## Task statement:
Go line by line through the records and tally those that include "succinct". Respond with the tally only.

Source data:
*** Begin section ***

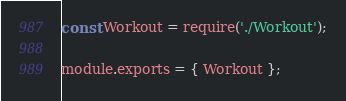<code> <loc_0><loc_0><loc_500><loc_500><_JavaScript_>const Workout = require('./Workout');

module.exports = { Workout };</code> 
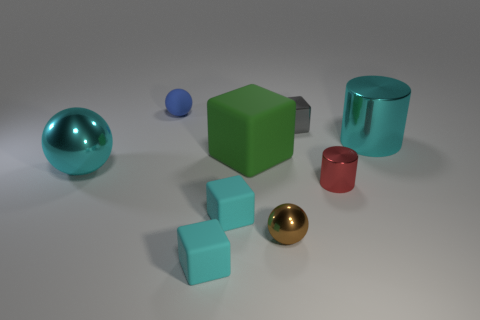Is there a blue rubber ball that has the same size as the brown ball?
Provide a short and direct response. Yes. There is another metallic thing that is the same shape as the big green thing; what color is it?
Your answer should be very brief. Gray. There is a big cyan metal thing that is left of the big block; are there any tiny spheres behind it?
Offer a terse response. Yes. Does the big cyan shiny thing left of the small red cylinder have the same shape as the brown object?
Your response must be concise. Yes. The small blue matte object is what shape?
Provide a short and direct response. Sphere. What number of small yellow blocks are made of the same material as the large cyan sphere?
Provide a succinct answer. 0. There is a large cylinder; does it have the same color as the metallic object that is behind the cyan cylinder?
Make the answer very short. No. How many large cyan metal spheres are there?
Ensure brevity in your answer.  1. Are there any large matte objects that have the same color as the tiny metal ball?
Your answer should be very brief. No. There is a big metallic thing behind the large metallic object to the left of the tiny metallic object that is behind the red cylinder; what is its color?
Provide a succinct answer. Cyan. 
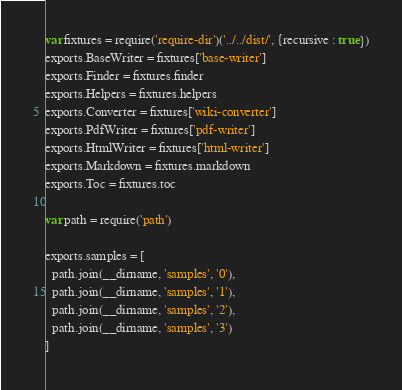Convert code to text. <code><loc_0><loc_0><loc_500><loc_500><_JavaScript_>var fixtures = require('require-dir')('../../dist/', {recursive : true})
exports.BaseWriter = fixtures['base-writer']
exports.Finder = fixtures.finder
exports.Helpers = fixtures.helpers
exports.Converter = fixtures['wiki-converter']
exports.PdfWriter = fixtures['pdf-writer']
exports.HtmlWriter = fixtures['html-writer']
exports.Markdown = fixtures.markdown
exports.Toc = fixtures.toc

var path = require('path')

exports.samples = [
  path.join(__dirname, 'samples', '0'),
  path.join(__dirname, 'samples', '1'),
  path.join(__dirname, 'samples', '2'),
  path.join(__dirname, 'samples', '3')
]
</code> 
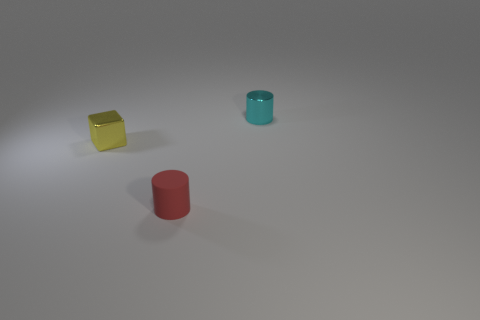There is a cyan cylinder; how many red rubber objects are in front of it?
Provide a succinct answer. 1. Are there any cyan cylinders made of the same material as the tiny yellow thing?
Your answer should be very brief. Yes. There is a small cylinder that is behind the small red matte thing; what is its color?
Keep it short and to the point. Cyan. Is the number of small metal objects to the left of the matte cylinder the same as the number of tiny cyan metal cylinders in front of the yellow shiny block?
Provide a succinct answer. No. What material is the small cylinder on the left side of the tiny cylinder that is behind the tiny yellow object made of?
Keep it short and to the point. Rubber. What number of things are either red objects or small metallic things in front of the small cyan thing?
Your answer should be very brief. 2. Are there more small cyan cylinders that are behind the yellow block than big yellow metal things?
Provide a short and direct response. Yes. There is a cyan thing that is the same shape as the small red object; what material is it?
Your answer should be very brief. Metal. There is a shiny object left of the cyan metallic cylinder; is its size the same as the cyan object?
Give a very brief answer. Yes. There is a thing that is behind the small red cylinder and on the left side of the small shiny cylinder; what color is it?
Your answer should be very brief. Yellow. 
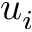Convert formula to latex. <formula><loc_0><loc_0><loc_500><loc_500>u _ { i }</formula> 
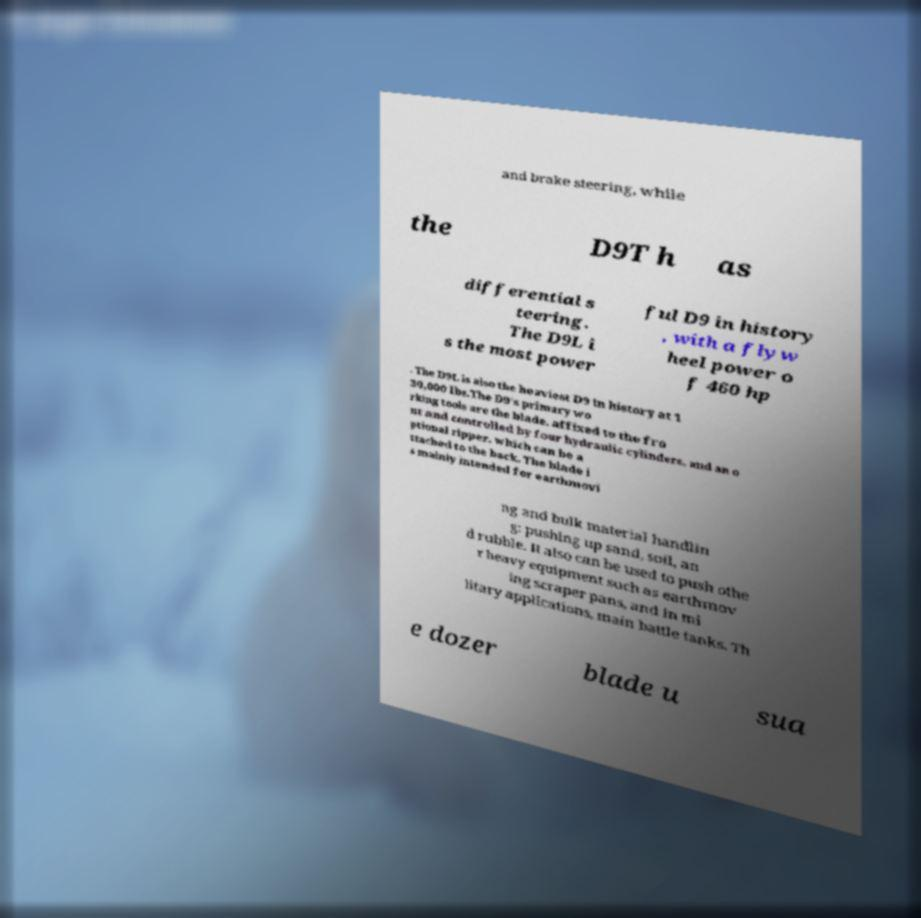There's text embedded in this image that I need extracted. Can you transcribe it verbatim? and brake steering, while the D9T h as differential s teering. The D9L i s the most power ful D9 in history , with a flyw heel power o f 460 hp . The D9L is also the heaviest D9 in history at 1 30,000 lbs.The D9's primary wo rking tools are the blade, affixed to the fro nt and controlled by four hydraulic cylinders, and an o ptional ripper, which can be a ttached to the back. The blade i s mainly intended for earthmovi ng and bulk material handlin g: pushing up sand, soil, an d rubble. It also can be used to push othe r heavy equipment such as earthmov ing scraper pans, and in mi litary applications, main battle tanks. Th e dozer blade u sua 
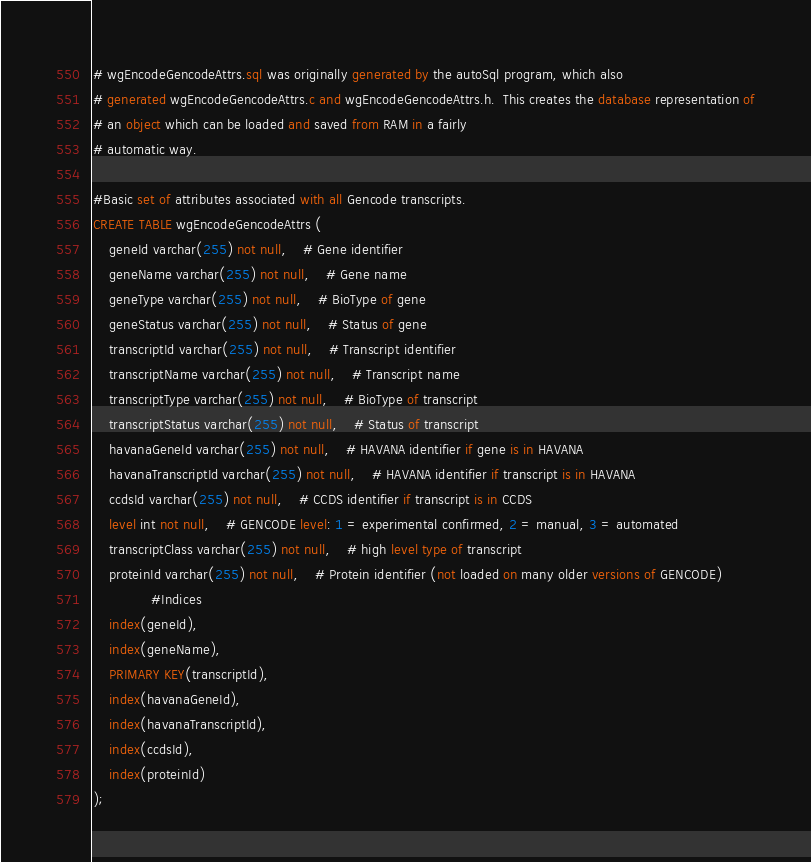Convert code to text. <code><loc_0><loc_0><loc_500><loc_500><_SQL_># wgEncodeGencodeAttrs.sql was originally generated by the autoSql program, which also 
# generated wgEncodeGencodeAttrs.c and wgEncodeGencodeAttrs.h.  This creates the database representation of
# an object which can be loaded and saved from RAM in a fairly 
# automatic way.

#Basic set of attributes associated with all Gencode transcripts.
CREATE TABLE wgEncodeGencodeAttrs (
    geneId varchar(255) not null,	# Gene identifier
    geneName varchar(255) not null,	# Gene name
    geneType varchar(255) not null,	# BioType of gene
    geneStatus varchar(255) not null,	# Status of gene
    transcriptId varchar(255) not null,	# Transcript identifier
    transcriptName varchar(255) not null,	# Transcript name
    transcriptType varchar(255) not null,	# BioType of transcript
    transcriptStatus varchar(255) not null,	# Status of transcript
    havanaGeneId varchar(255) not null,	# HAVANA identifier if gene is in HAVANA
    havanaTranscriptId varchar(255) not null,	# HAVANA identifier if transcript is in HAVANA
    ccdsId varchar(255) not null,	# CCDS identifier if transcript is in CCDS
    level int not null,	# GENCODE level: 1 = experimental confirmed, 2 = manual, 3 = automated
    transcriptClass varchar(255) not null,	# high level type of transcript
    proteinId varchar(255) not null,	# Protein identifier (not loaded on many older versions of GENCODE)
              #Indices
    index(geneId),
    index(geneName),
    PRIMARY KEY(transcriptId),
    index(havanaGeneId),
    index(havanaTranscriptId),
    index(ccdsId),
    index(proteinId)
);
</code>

*** End section ***

## Reply to the task:
4